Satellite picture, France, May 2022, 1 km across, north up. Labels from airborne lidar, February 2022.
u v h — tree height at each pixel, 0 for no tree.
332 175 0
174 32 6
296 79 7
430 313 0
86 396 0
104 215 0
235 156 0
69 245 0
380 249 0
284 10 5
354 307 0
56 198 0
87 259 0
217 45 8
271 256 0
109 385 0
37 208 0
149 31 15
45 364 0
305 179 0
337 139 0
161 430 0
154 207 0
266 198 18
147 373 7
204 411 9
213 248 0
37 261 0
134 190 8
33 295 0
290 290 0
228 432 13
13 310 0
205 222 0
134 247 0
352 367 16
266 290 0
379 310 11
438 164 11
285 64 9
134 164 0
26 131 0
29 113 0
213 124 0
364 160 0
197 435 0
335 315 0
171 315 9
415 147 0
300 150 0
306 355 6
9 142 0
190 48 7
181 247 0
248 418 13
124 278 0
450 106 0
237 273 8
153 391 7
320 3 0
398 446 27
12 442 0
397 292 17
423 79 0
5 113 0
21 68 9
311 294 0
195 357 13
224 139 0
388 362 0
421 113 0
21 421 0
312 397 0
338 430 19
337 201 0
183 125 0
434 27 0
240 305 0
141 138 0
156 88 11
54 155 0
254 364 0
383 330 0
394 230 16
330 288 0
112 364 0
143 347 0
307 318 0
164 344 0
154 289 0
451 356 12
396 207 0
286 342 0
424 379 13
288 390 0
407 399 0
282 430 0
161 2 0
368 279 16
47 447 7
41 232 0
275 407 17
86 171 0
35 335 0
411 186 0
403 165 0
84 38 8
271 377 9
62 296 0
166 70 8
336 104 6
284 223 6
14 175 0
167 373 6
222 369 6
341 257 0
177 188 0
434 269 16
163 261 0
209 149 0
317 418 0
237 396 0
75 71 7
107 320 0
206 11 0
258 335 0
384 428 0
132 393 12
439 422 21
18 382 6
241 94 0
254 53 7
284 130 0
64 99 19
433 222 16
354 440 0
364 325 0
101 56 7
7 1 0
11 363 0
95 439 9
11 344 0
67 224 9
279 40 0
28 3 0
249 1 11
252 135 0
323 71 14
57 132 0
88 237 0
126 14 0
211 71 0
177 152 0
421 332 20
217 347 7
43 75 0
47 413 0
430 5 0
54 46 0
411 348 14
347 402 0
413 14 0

• [Work item]: Please give back the entries above, unchanged and complete.

• [Answer space]:
Satellite picture, France, May 2022, 1 km across, north up. Labels from airborne lidar, February 2022.
u v h — tree height at each pixel, 0 for no tree.
332 175 0
174 32 6
296 79 7
430 313 0
86 396 0
104 215 0
235 156 0
69 245 0
380 249 0
284 10 5
354 307 0
56 198 0
87 259 0
217 45 8
271 256 0
109 385 0
37 208 0
149 31 15
45 364 0
305 179 0
337 139 0
161 430 0
154 207 0
266 198 18
147 373 7
204 411 9
213 248 0
37 261 0
134 190 8
33 295 0
290 290 0
228 432 13
13 310 0
205 222 0
134 247 0
352 367 16
266 290 0
379 310 11
438 164 11
285 64 9
134 164 0
26 131 0
29 113 0
213 124 0
364 160 0
197 435 0
335 315 0
171 315 9
415 147 0
300 150 0
306 355 6
9 142 0
190 48 7
181 247 0
248 418 13
124 278 0
450 106 0
237 273 8
153 391 7
320 3 0
398 446 27
12 442 0
397 292 17
423 79 0
5 113 0
21 68 9
311 294 0
195 357 13
224 139 0
388 362 0
421 113 0
21 421 0
312 397 0
338 430 19
337 201 0
183 125 0
434 27 0
240 305 0
141 138 0
156 88 11
54 155 0
254 364 0
383 330 0
394 230 16
330 288 0
112 364 0
143 347 0
307 318 0
164 344 0
154 289 0
451 356 12
396 207 0
286 342 0
424 379 13
288 390 0
407 399 0
282 430 0
161 2 0
368 279 16
47 447 7
41 232 0
275 407 17
86 171 0
35 335 0
411 186 0
403 165 0
84 38 8
271 377 9
62 296 0
166 70 8
336 104 6
284 223 6
14 175 0
167 373 6
222 369 6
341 257 0
177 188 0
434 269 16
163 261 0
209 149 0
317 418 0
237 396 0
75 71 7
107 320 0
206 11 0
258 335 0
384 428 0
132 393 12
439 422 21
18 382 6
241 94 0
254 53 7
284 130 0
64 99 19
433 222 16
354 440 0
364 325 0
101 56 7
7 1 0
11 363 0
95 439 9
11 344 0
67 224 9
279 40 0
28 3 0
249 1 11
252 135 0
323 71 14
57 132 0
88 237 0
126 14 0
211 71 0
177 152 0
421 332 20
217 347 7
43 75 0
47 413 0
430 5 0
54 46 0
411 348 14
347 402 0
413 14 0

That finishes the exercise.